"Because there's nothing inside you that you're ashamed of."

She reddened with shame; shame of the fierce, base instinct that had made her keep him to herself. She knew that nothing escaped him. He had the keen, comprehending eyes of the physician who knows the sad secrets of the body; and he had other eyes that saw inward, that held and drew to confession the terrified, reluctant soul. She had an insane longing to throw herself at his feet in confession.

"Yes," she said, "but there are things——And yet——"

He stopped her. "Nothing, Nina, if you really knew yourself."

"Owen—it's not that. It's not because I don't know myself. It's because I know you. I know that, whatever there might be in me, whatever I did, however low I sank—if I could sink—your charity would be there to hold me up. And it wouldn't be your charity, either. I couldn't stand your charity. It wouldn't even be understanding. You don't understand me. It would be some knowledge of me that I couldn't have myself, that nobody but you could have. As if whatever you saw you'd say, 'That isn't really Nina.'"

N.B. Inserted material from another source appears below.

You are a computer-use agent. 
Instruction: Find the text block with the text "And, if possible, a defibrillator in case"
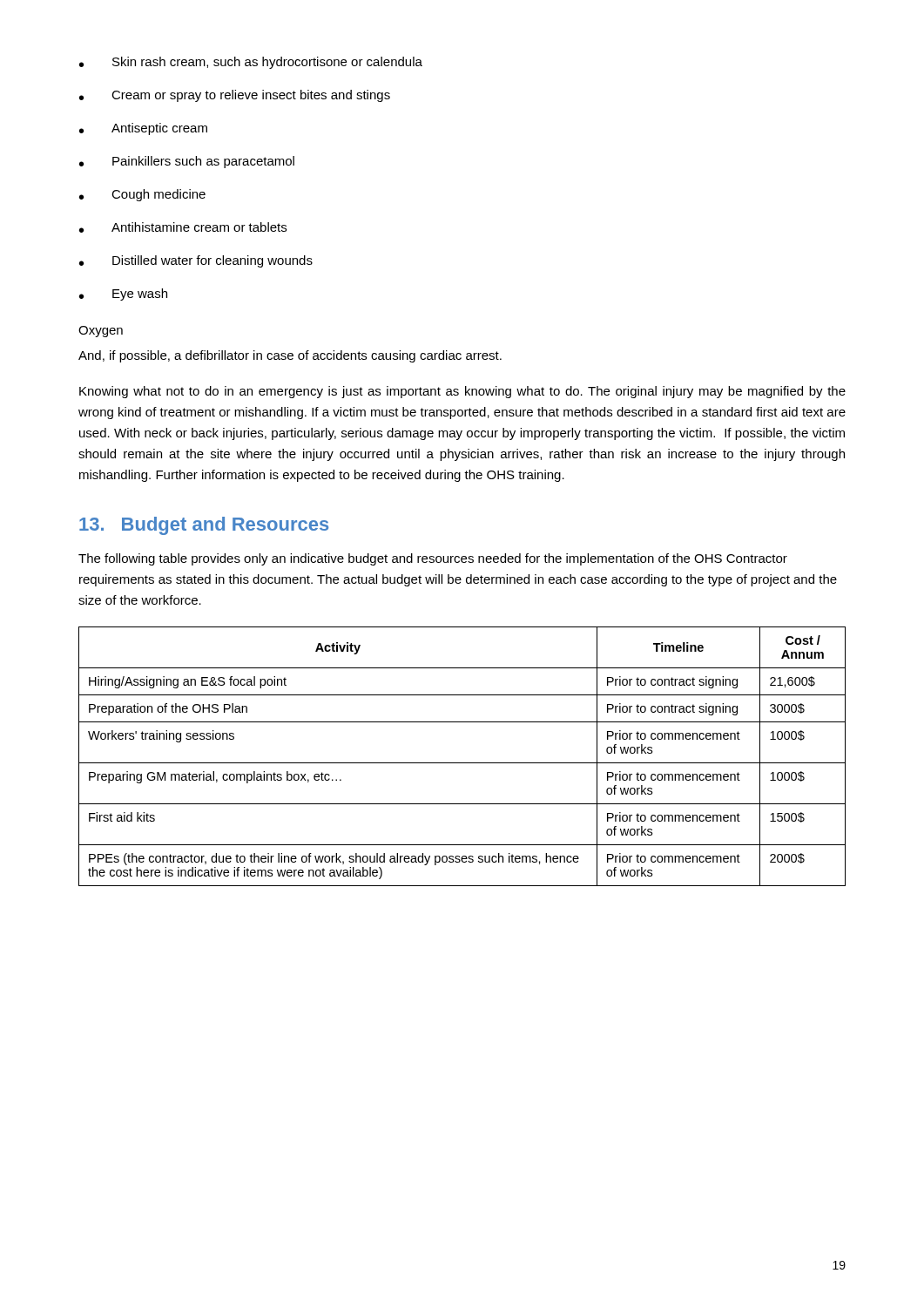(290, 355)
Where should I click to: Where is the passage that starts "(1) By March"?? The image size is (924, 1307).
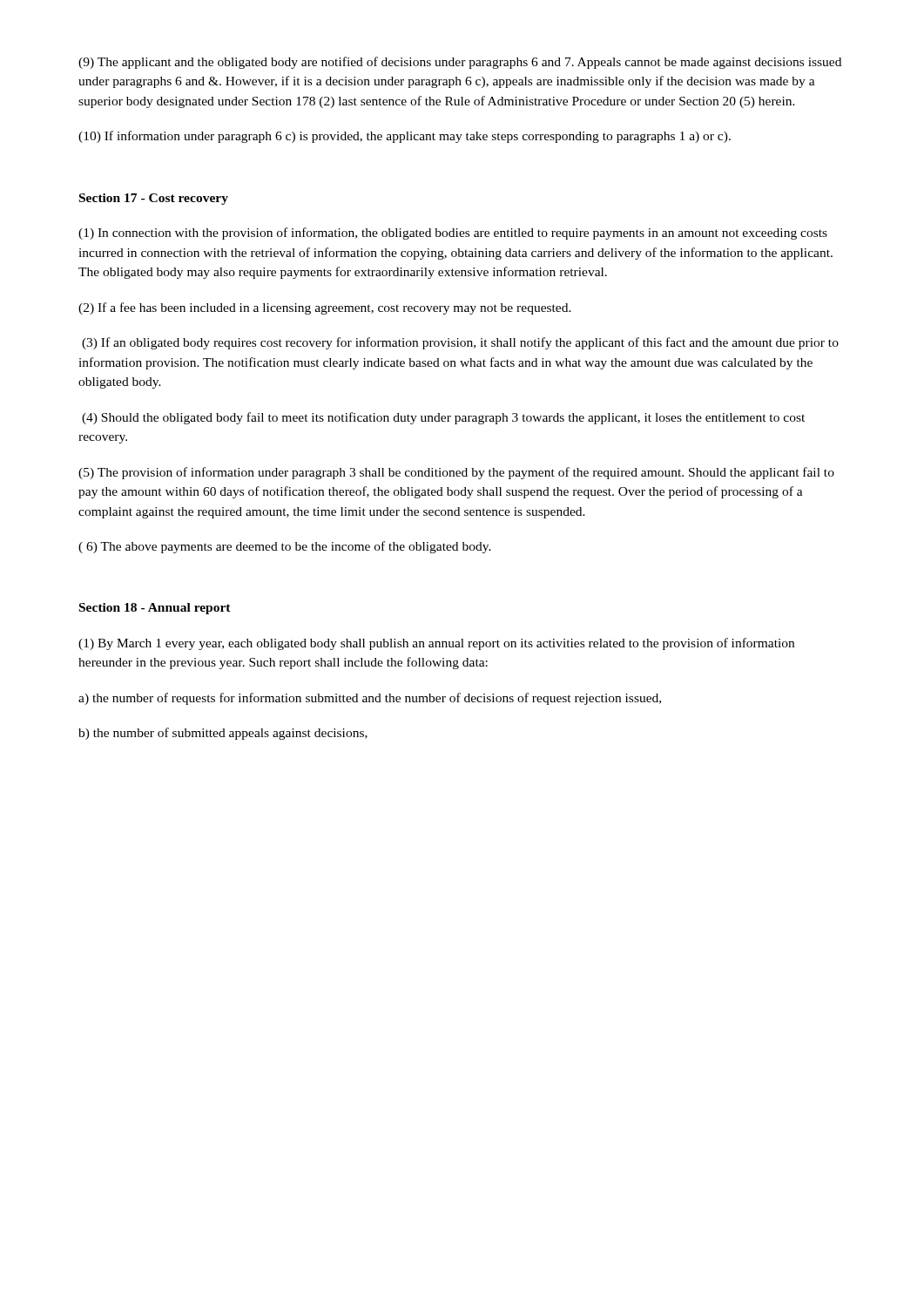click(437, 652)

"I should say, 'That's really Nina, so it's all right.'"

She paused, brooding on the possibilities he saw, that he was bound to see, if he saw anything. Did he, she wondered, really see what was in her, her hidden shames and insanities, the course of the wild blood that he knew must flow from all the Lemprieres to her? She lived, to be sure, the life of an ascetic and took it out in dreams. Yet he must see how her savage, solitary passion clung to him, and would not let go. Did he see, and yet did he not condemn her?

"Owen," she said suddenly, "do you mind seeing?"

"Sometimes I hate it. These aren't the things, you know, I want to see."

She lowered her eyes. Her nervous hand moved slowly to and fro along the window-sill, measuring her next words.